(Records from a dataset)
────────
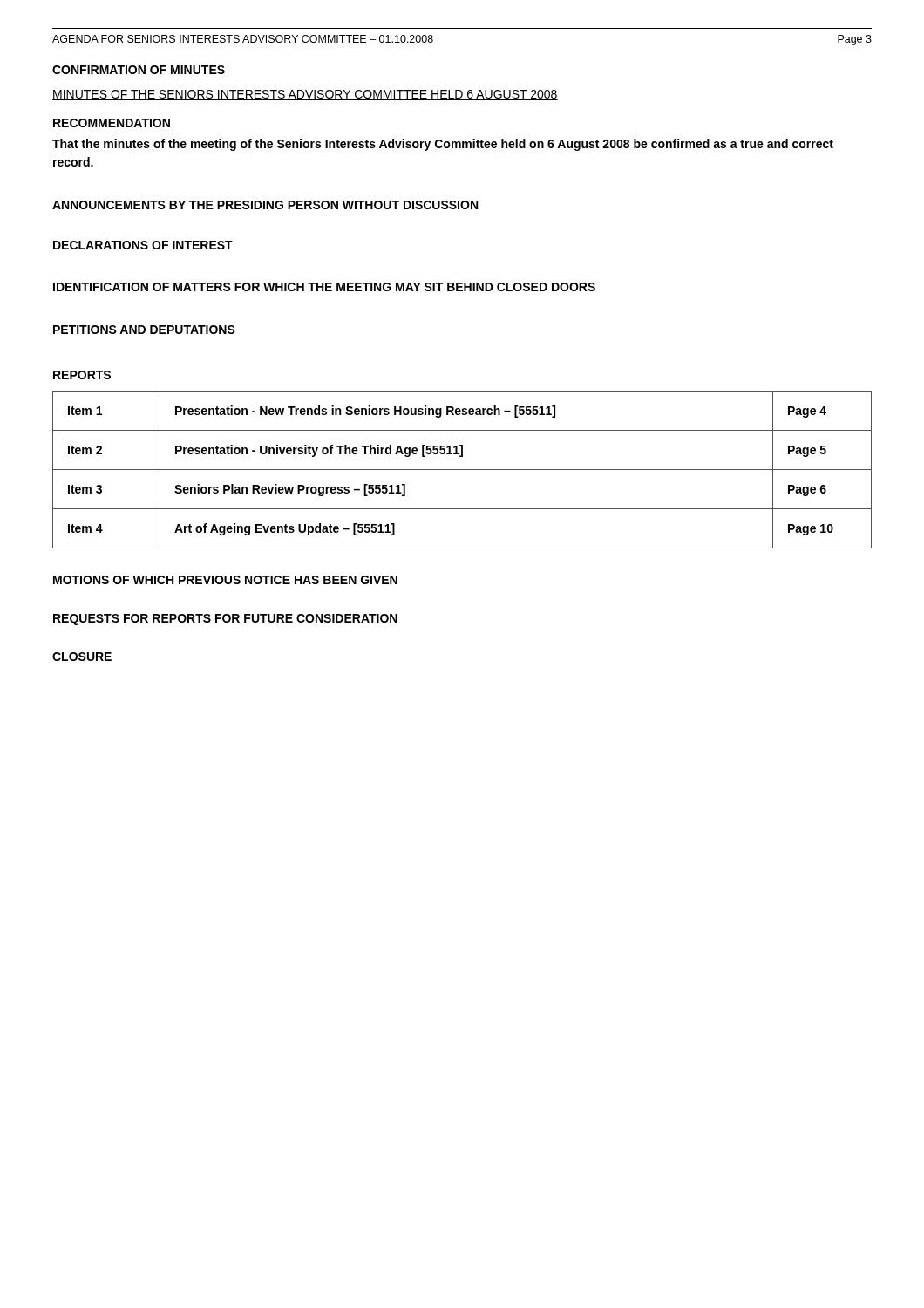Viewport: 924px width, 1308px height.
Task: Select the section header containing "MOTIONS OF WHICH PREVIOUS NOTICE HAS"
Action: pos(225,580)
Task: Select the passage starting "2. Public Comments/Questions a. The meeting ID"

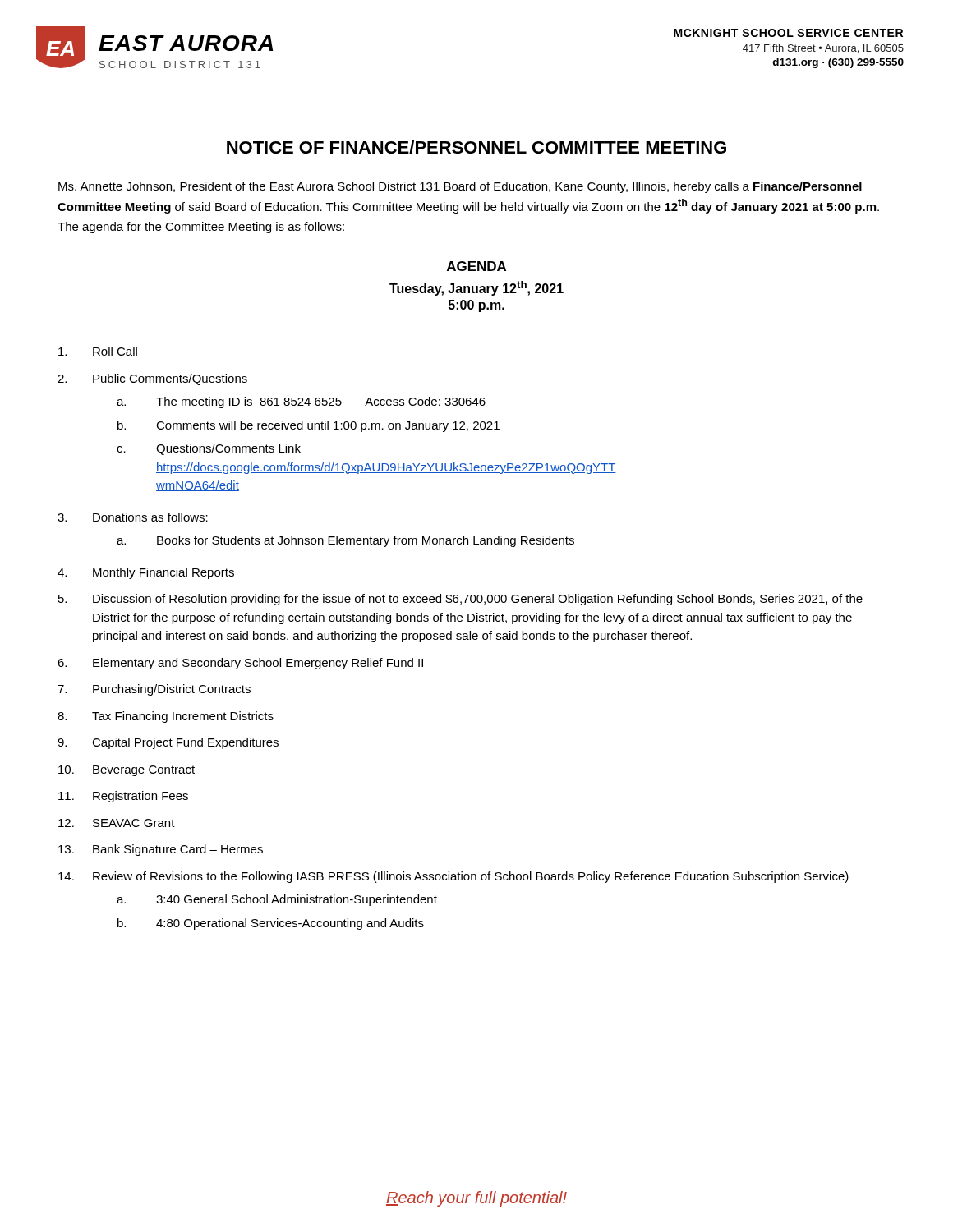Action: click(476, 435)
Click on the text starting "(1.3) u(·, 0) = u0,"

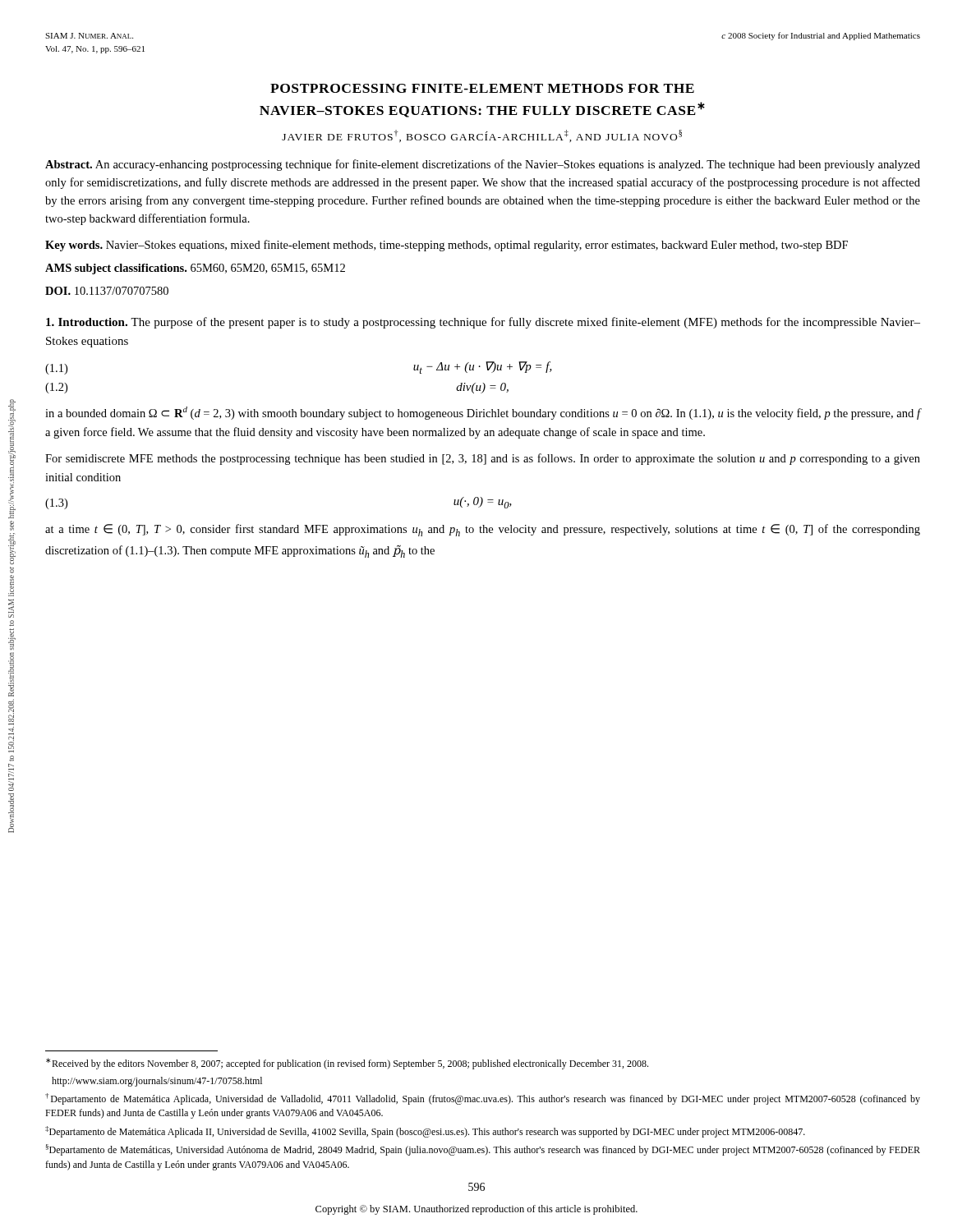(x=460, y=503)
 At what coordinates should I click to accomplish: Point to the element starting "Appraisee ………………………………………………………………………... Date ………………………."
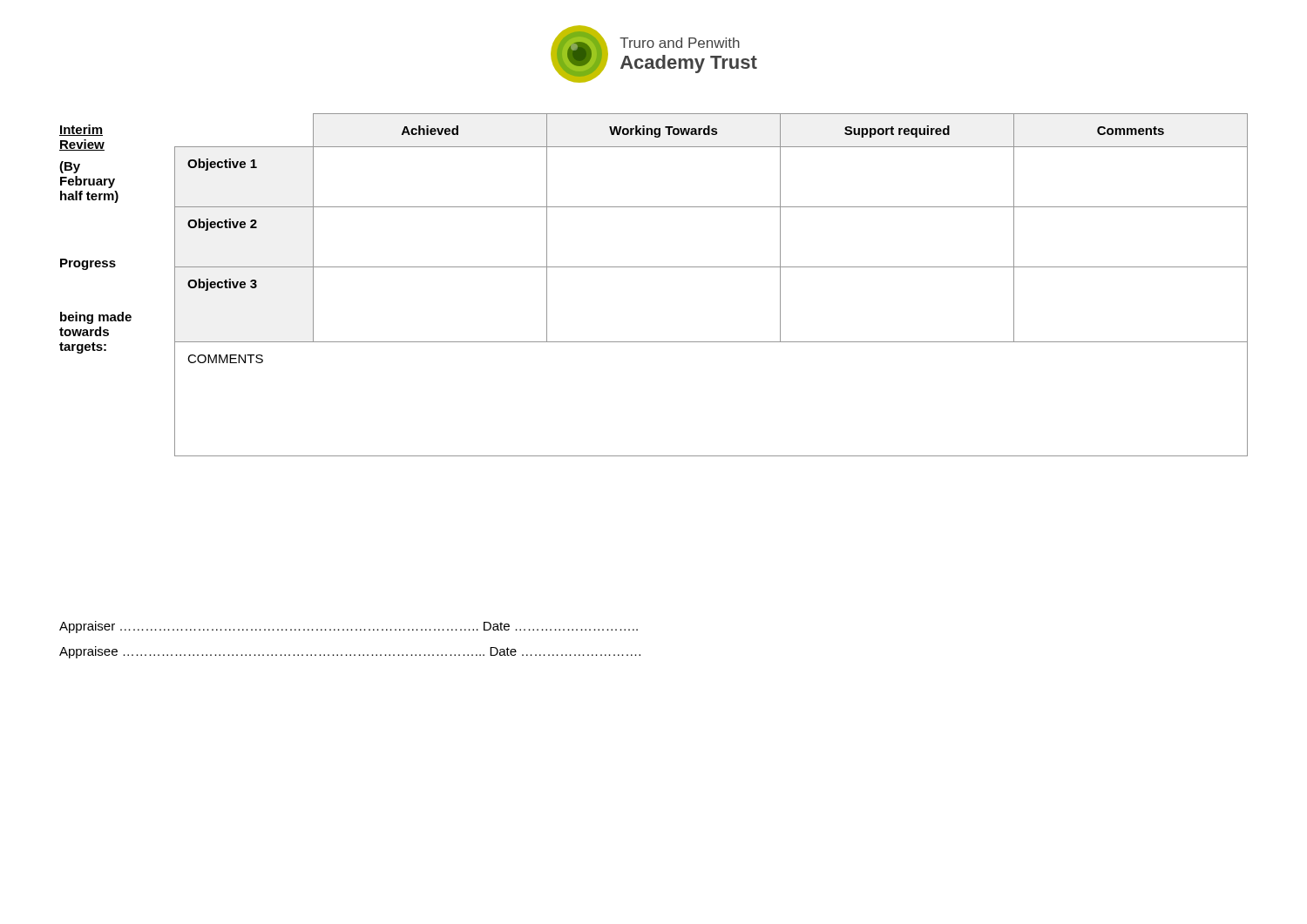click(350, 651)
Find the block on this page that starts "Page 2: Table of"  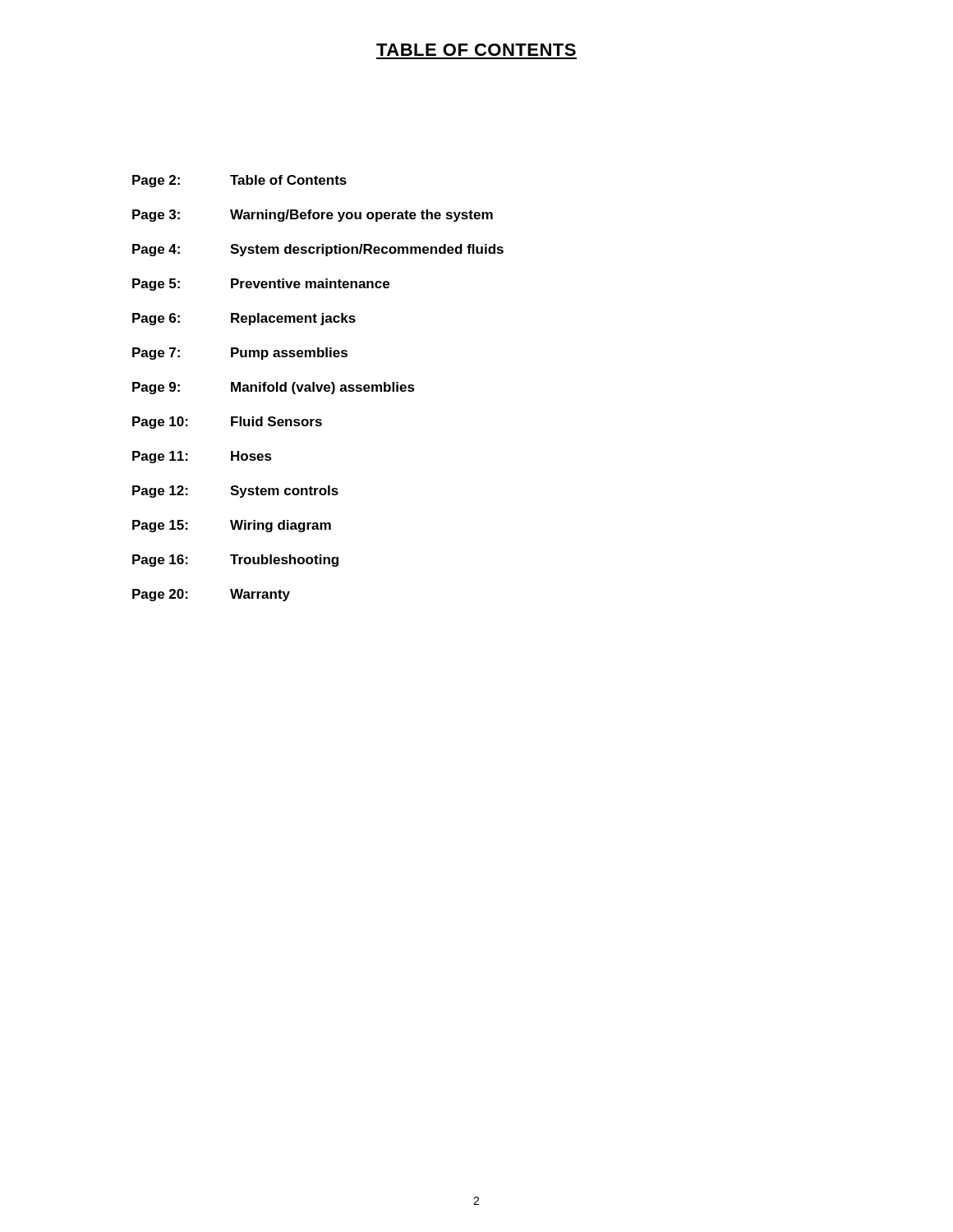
────────
» Assignment
Nothing but the lines from the one holding "At what coordinates" through the last line of the entries should be written out, exactly and inclusively, minus the pictures.

» Answer box
 At what coordinates should I click to accomplish: Point to the element starting "Appraisee ………………………………………………………………………... Date ………………………."
click(350, 651)
Find the block on this page that starts "Page 2: Table of"  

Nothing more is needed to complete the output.